Rscript run_analysis.R 1 A
Rscript run_analysis.R 1 B
Rscript run_analysis.R 1 C
Rscript run_analysis.R 2 A
Rscript run_analysis.R 2 B
Rscript run_analysis.R 2 C

Parallelize Functions

In some cases, you want to perform a series of commands. For example, the code below compute the number of ATCGs of the complement of a DNA sequence.

echo "ATTA" |  tr ATCG TAGC | \
    python -c "import sys; o=sys.stdin.read().strip(); print(o, o.count('T'), o.count('G'), o.count('C'), o.count('A'))"

This command has two operations. While is it possible to incorporate this into a ‘one-liner’, it is far easier to create a bash function, export it, and use that as input.

function count_nts {
    # $1 is the first argument passed to the function
    echo $1 | tr ATCG TAGC | \
    python -c "import sys; o=sys.stdin.read().strip(); print(o, o.count('T'), o.count('G'), o.count('C'), o.count('A'))"
}

# Use the `-f` flag to export functions
export -f count_nts

parallel -j 4 count_nts ::: TAAT TTT AAAAT GCGCAT | tr ' ' '\t'

With the basics down, lets see how we can use parallel to speed up bioinformatics.

GNU Parallel for Variant Calling

When working with BAMs or VCFs you can parallelize across chromosomes. Most variant callers or annotation tools allow you to operate on a single chromosome at a time by specifying a region.

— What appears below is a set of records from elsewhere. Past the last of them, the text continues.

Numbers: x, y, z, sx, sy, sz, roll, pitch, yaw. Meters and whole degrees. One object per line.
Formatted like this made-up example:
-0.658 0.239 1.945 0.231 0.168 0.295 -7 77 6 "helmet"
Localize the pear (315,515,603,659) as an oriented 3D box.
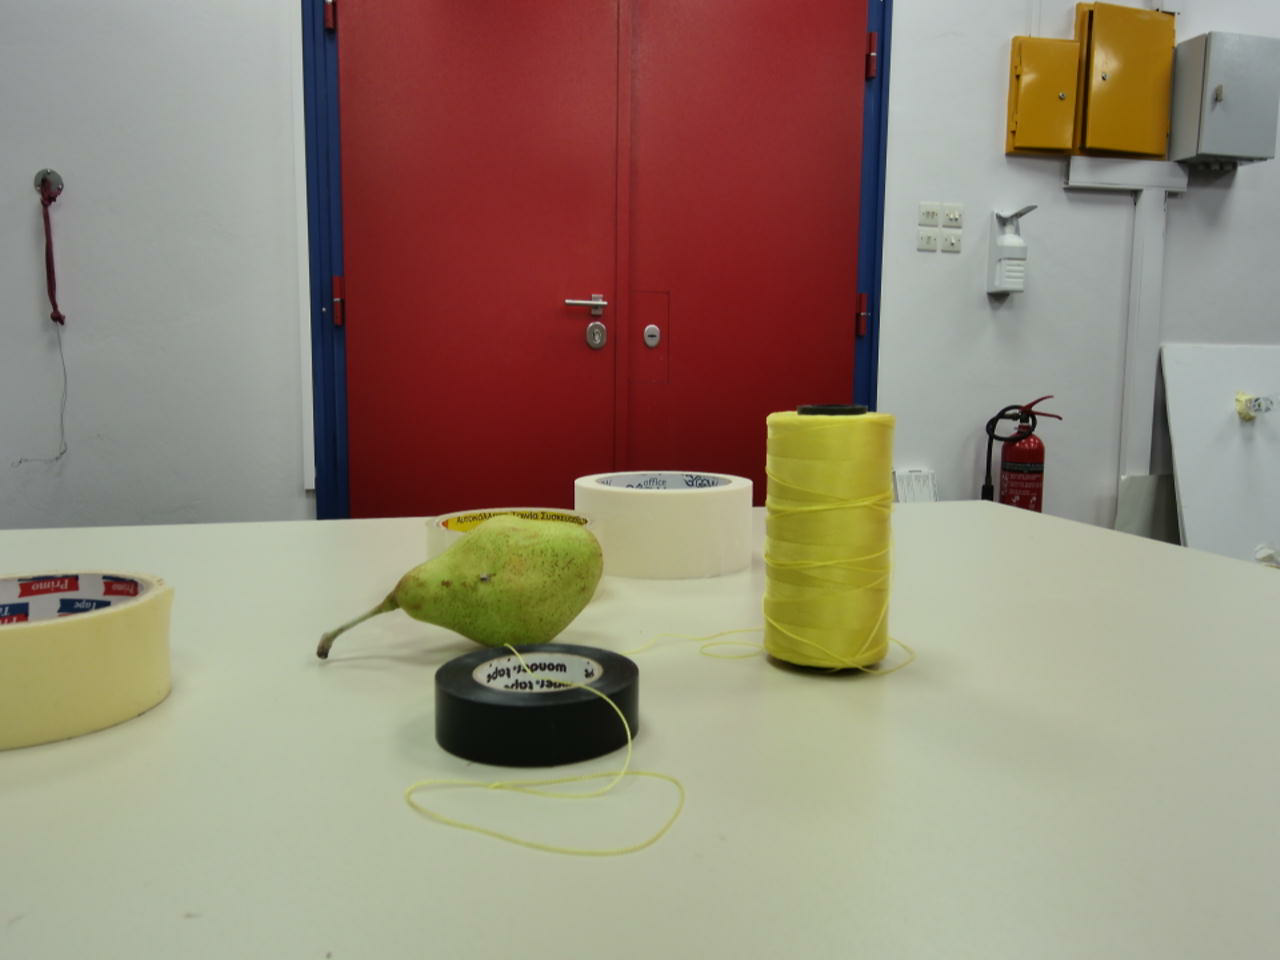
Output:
-0.071 0.043 0.416 0.111 0.056 0.056 0 4 2 "pear"
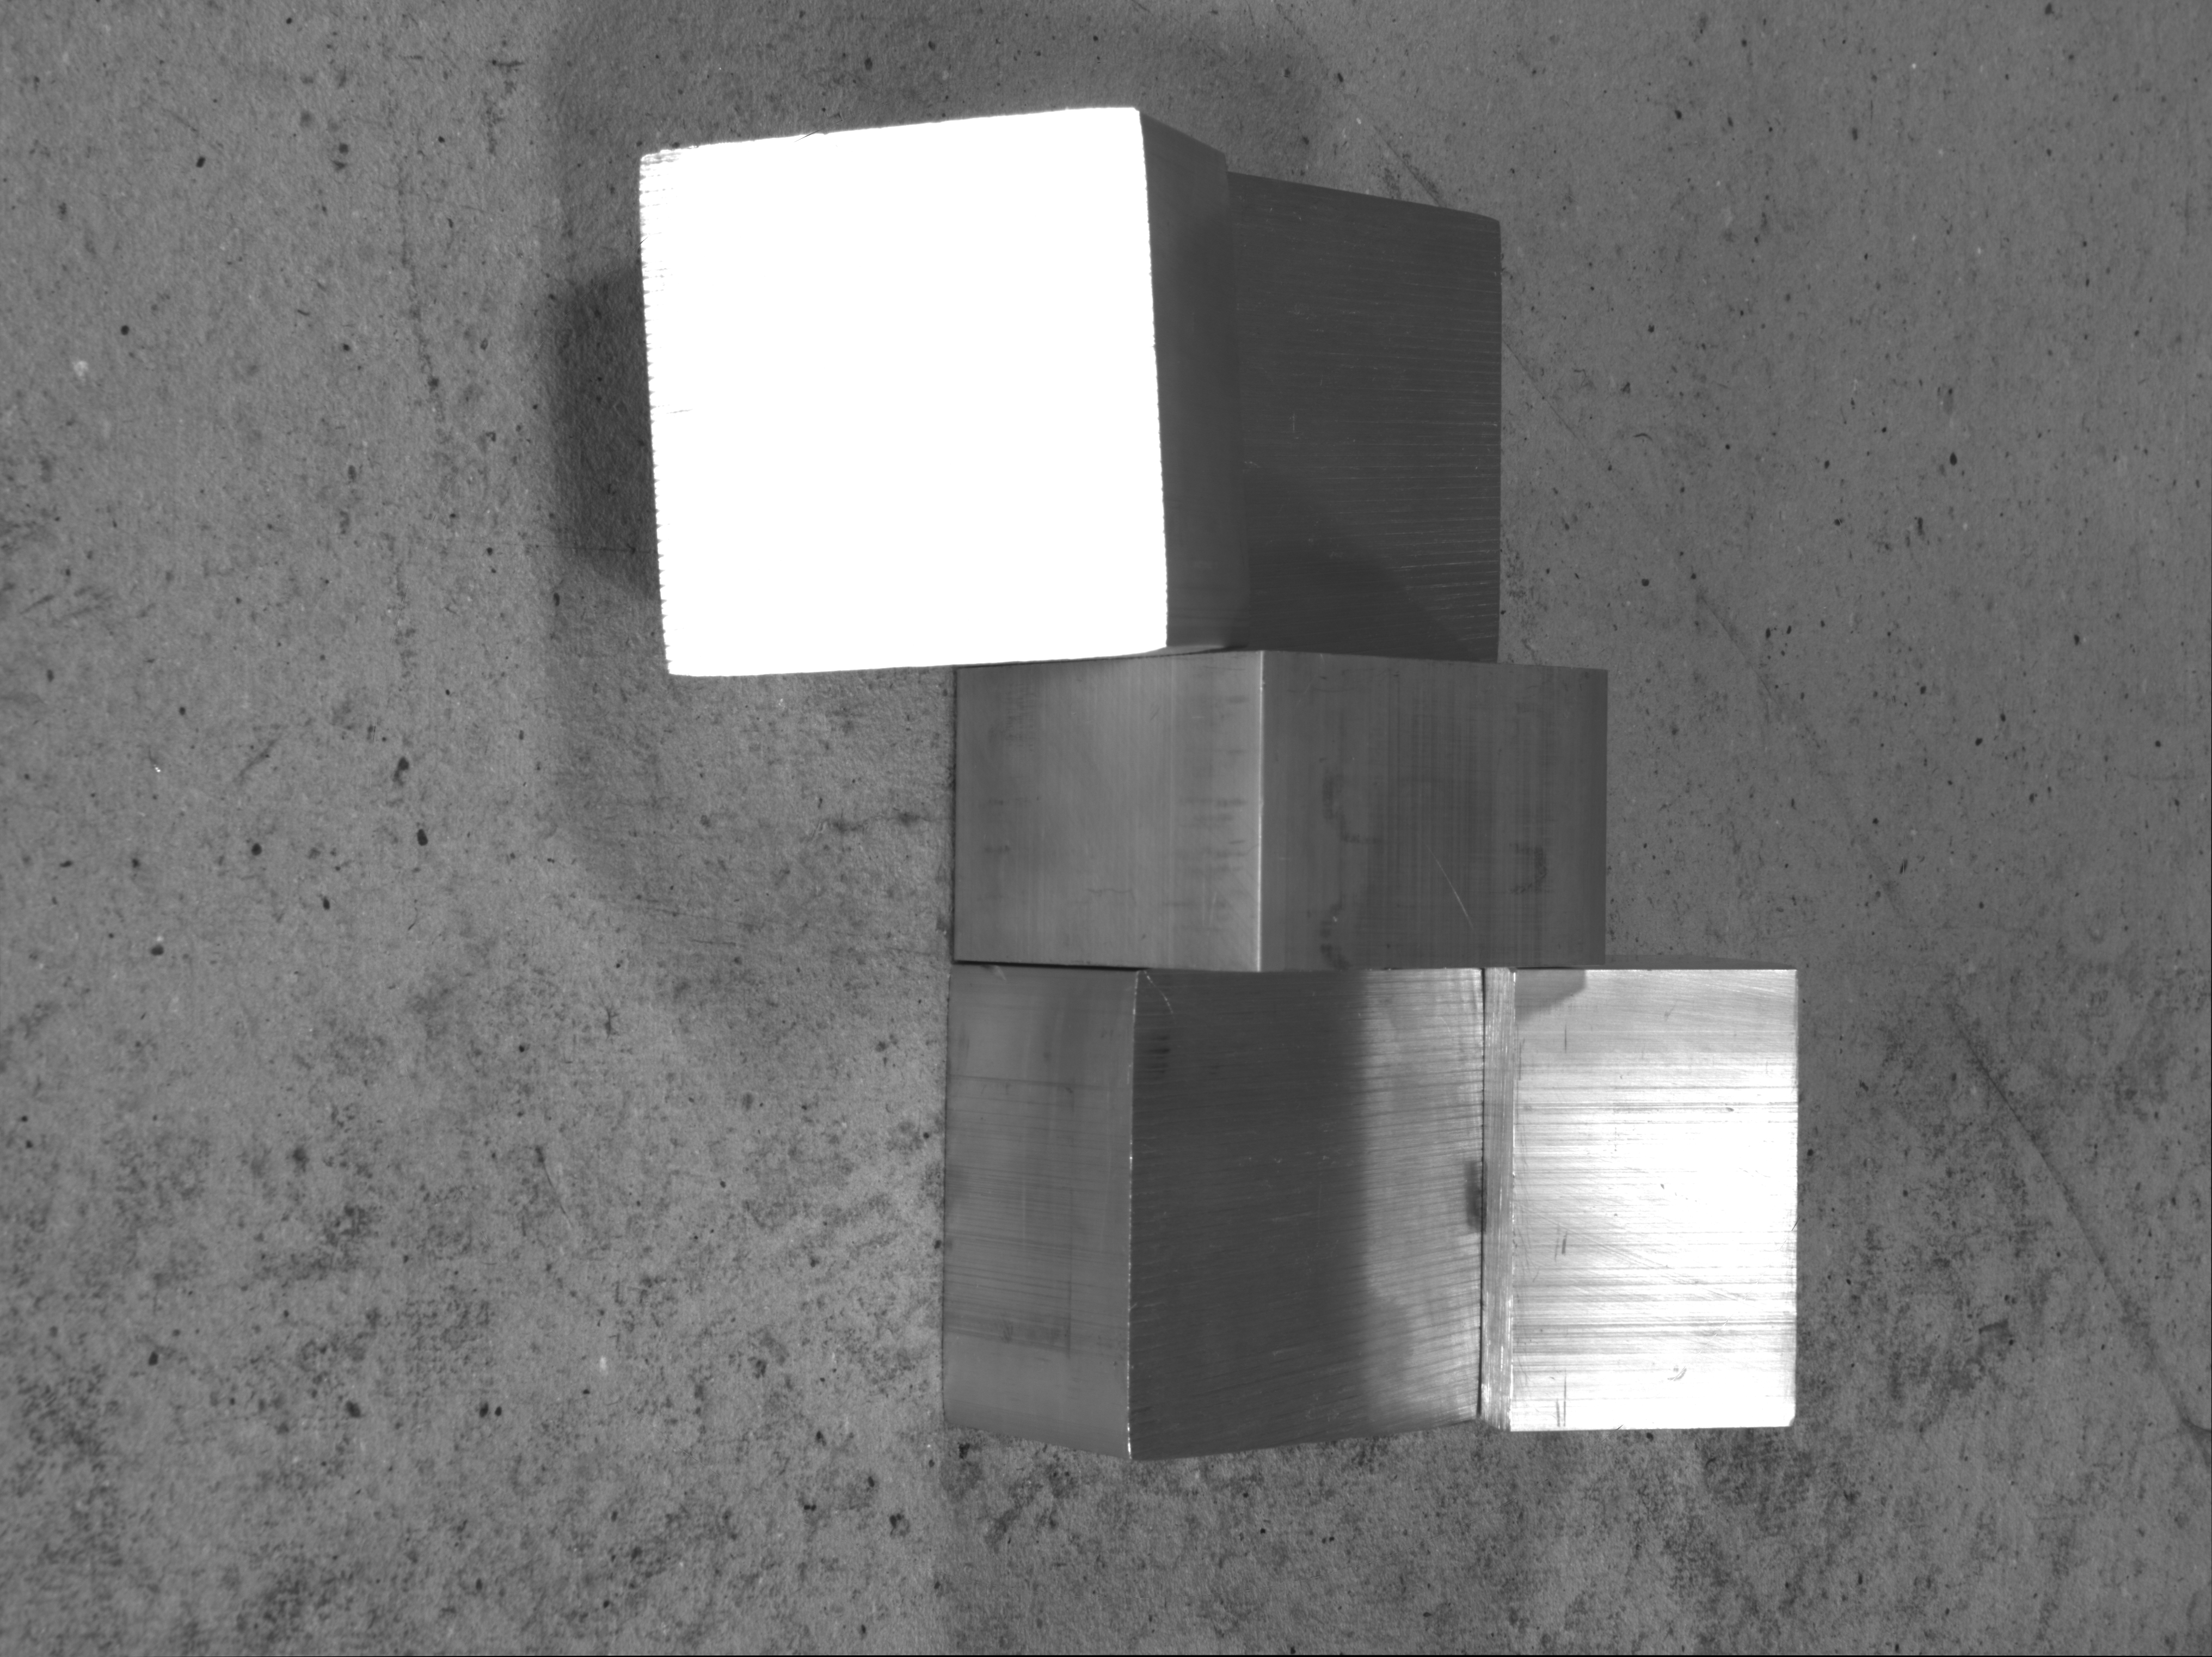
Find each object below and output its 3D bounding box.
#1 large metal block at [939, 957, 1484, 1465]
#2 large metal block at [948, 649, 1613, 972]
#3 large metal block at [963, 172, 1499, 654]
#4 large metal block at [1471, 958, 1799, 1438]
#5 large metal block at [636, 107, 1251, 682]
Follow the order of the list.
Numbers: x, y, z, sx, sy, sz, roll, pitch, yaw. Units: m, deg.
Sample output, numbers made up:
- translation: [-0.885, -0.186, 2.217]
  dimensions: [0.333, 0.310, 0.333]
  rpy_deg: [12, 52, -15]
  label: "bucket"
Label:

This allows us to apply a split-apply-combine strategy by splitting by chromosome, operating on each chromosome, and combining the results at the end.

Split chromosomes from a BAM

chrom_list=`samtools idxstats in.bam | cut -f 1 | grep -v '*'`

# For c. elegans you can would see the following 7
# I
# II
# III
# IV
# V
# X
# MtDNA

We can create a function so this operation is easier going forward:

function bam_chromosomes {
    samtools idxstats $1 | cut -f 1 | grep -v '*'
}

Apply an operation to each chromosome

Here is where GNU parallel comes into play: Parallelized variant calling by chromosome:

#!/bin/bash

genome=path/to/genome.fa
export genome # This is critical!

function parallel_call {
    bcftools mpileup \
        --fasta-ref ${genome} \
        --regions $2 \
        --output-type u \
        $1 | \
    bcftools call --multiallelic-caller \
                  --variants-only \
                  --output-type u - > ${1/.bam/}.$2.bcf
}

export -f parallel_call

chrom_set=`bam_chromosomes test.bam`
parallel --verbose -j 4 parallel_call sample_A.bam ::: ${chrom_set}

A few important notes regarding this step:

• You must export any variables you use within a parallelized function. That is what I am doing here with the reference genome variable.
• bcftools mpileup outputs an uncompressed pileup (--output-type=u). This is done for efficiency sake - there is no reason to pipe a compressed form of data for it to need to be uncompressed by the next tool.
• Similarly, I also output an uncompressed set of variant calls ${1/.bam/}.$2.bcf because these are temporary files that we will remove later.
• Finally, I use a variable substitution to remove the extension from the bam and to generate a <sample>.<chromsome>.bcf filename: ${1/.bam/}.$2.bcf → sample_A.I.bam, sample_A.II.bam, etc. This prevents filename collisions if we are calling many samples simultaneously.

Combine the variant calls.

Once we have completed variant calling we need to combine everything back in the right order. We can use a bash array to add a prefix and suffix to the list of chromosomes to reconstruct the output filenames and concatenate them into a single file.

# Generate an array of the resulting files
# to be concatenated.
sample_name="sample_A"
set -- `echo $chrom_set | tr "\n" " "`
set -- "${@/#/${sample_name}.}" && set -- "${@/%/.bcf}"
# This will generate a list of the output files:
# sample_A.I.bcf sample_B.II.bcf etc.

set -- "${@/#/test.}" && set -- "${@/%/.bcf}"

# Output compressed result
bcftools concat $@ --output-type b > $sample_name.bcf

# Remove intermediate files
rm $@

To ensure the intermediate files are removed even when errors occur you should use a bash trap.

Summary

GNU Parallel can greatly speed up simple parallelization scenerios. Additional code is often required to handle the “splitting” and “combining” steps, but this can allow for tremendous efficiency gains.